* _Exercise directions_:
Among the lines below, keep only those from the one containing "16) cardboard box (1101,347,1113,364)" through the one containing "25) plastic crate (579,352,639,360)", and reproduce them exactly.

* _Supplied entries_:
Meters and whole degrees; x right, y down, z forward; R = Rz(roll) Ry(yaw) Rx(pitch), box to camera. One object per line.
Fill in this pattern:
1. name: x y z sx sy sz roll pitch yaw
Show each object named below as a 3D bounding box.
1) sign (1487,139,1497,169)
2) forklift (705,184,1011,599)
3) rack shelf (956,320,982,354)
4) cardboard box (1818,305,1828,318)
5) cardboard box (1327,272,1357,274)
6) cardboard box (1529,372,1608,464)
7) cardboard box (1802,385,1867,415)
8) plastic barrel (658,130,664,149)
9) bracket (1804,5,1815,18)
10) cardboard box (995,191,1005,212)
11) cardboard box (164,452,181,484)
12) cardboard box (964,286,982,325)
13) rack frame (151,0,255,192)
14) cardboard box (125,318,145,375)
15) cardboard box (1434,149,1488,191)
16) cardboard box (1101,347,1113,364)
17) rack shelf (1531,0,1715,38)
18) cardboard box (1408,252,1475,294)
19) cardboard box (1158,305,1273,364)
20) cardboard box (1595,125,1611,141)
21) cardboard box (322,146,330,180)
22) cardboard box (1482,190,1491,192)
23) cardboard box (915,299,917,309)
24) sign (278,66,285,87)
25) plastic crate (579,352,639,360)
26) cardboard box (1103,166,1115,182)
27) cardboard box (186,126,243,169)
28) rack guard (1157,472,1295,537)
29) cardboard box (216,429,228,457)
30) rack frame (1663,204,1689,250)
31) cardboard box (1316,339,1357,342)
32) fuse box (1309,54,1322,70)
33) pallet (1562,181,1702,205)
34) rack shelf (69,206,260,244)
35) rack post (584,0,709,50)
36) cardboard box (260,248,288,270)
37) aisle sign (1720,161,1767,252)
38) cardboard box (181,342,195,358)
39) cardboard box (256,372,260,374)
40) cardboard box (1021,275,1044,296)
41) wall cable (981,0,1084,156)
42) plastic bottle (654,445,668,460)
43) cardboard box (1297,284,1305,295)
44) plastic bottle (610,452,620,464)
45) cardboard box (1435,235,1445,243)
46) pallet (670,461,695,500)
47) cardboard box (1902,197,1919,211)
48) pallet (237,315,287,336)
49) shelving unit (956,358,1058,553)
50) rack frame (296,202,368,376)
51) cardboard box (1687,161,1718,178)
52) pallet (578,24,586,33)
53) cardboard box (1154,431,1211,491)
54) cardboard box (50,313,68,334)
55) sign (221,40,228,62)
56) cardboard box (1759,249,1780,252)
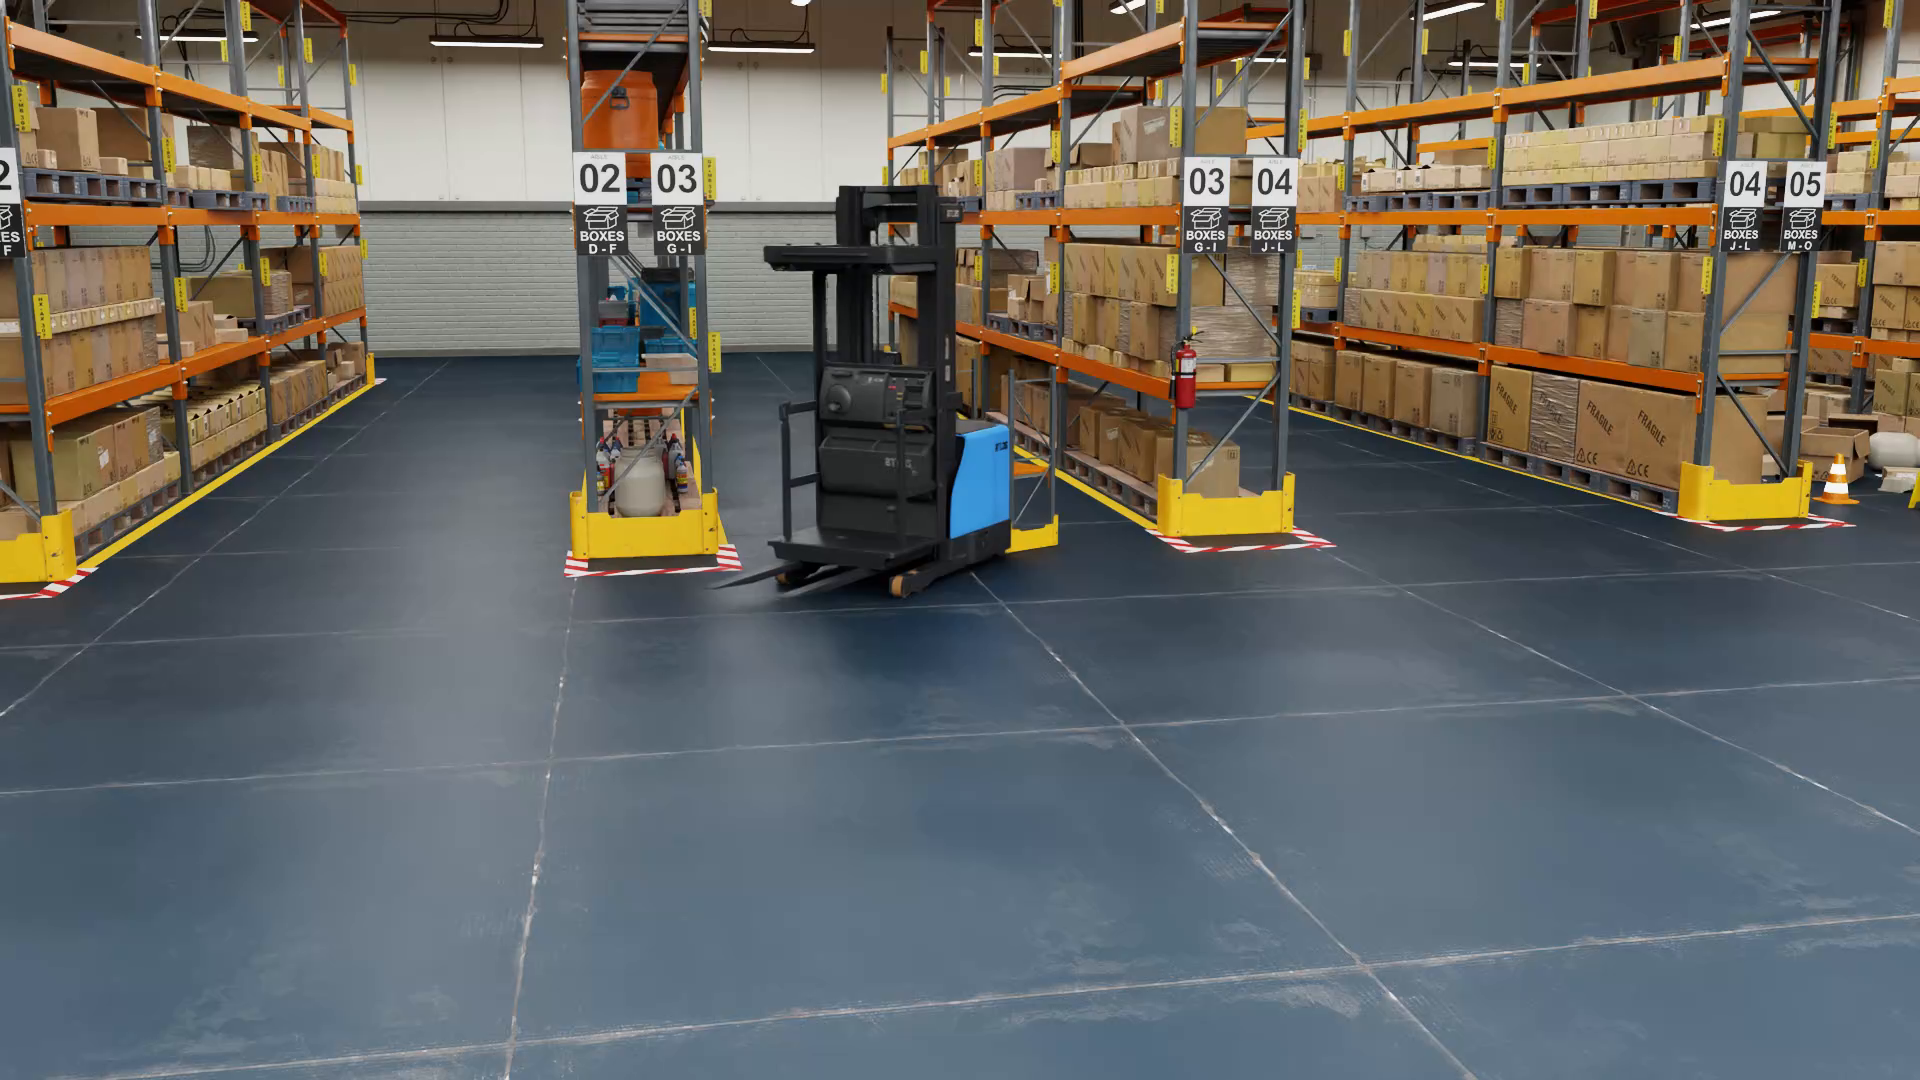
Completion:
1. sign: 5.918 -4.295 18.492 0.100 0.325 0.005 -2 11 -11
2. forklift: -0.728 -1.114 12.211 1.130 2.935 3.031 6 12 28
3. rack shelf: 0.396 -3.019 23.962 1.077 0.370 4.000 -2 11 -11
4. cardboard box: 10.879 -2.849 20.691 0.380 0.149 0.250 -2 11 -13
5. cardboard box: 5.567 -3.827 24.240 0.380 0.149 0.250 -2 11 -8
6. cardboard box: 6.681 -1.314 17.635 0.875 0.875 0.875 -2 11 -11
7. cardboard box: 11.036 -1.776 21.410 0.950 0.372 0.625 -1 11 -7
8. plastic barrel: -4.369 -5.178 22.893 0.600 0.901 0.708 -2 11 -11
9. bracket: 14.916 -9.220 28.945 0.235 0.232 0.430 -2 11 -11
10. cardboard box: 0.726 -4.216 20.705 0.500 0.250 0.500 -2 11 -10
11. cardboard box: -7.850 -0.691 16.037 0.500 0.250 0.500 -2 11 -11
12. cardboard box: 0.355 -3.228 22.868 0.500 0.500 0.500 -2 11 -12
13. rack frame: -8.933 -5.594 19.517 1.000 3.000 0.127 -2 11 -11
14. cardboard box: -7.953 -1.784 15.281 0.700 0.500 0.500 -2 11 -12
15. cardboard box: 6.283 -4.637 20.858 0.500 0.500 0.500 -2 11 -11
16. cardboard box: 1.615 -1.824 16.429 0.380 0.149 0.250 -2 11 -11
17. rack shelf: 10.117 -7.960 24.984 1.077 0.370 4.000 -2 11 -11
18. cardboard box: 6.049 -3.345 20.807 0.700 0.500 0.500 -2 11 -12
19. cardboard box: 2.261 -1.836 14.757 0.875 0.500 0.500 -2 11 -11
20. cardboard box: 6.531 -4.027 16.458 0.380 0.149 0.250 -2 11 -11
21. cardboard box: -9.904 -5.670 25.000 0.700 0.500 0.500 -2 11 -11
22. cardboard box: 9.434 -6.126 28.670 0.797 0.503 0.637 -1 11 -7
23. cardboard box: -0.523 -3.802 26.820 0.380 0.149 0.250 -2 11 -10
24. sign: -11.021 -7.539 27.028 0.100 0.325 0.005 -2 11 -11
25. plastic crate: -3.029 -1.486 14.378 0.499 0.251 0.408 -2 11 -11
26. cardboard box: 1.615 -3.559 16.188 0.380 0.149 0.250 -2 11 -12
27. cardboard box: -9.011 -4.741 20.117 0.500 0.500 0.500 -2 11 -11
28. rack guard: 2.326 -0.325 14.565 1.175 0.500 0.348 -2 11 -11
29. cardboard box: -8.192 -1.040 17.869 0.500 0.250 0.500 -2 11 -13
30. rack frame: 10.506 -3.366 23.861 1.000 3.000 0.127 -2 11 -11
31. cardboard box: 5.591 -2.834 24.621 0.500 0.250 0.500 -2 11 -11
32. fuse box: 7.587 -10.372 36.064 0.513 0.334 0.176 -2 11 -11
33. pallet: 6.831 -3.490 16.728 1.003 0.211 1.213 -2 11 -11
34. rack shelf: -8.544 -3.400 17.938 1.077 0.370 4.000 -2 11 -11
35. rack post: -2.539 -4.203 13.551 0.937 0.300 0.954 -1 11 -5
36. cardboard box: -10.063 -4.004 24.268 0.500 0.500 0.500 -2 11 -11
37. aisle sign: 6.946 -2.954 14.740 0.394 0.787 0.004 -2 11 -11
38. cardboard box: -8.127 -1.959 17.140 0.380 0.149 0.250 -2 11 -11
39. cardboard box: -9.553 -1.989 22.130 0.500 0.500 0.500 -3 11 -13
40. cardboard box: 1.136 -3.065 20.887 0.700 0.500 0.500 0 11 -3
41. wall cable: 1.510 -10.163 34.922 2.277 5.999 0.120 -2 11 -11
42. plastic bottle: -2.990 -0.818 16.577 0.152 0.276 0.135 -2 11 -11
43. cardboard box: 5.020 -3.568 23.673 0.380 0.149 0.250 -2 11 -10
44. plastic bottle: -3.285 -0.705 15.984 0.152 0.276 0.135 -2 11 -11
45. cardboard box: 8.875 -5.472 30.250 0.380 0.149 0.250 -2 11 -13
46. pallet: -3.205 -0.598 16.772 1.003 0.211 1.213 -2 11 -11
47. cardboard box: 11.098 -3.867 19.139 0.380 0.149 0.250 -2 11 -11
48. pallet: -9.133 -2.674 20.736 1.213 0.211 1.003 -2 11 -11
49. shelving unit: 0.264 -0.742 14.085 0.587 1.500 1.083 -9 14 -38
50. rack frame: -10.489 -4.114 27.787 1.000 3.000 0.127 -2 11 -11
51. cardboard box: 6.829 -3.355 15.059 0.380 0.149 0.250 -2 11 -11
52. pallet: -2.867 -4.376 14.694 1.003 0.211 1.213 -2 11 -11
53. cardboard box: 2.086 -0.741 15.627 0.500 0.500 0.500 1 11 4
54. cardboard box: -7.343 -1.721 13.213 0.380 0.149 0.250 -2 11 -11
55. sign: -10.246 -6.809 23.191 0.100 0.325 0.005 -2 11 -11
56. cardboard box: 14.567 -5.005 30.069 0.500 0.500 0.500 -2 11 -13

* _Output for this task_:
16) cardboard box (1101,347,1113,364)
17) rack shelf (1531,0,1715,38)
18) cardboard box (1408,252,1475,294)
19) cardboard box (1158,305,1273,364)
20) cardboard box (1595,125,1611,141)
21) cardboard box (322,146,330,180)
22) cardboard box (1482,190,1491,192)
23) cardboard box (915,299,917,309)
24) sign (278,66,285,87)
25) plastic crate (579,352,639,360)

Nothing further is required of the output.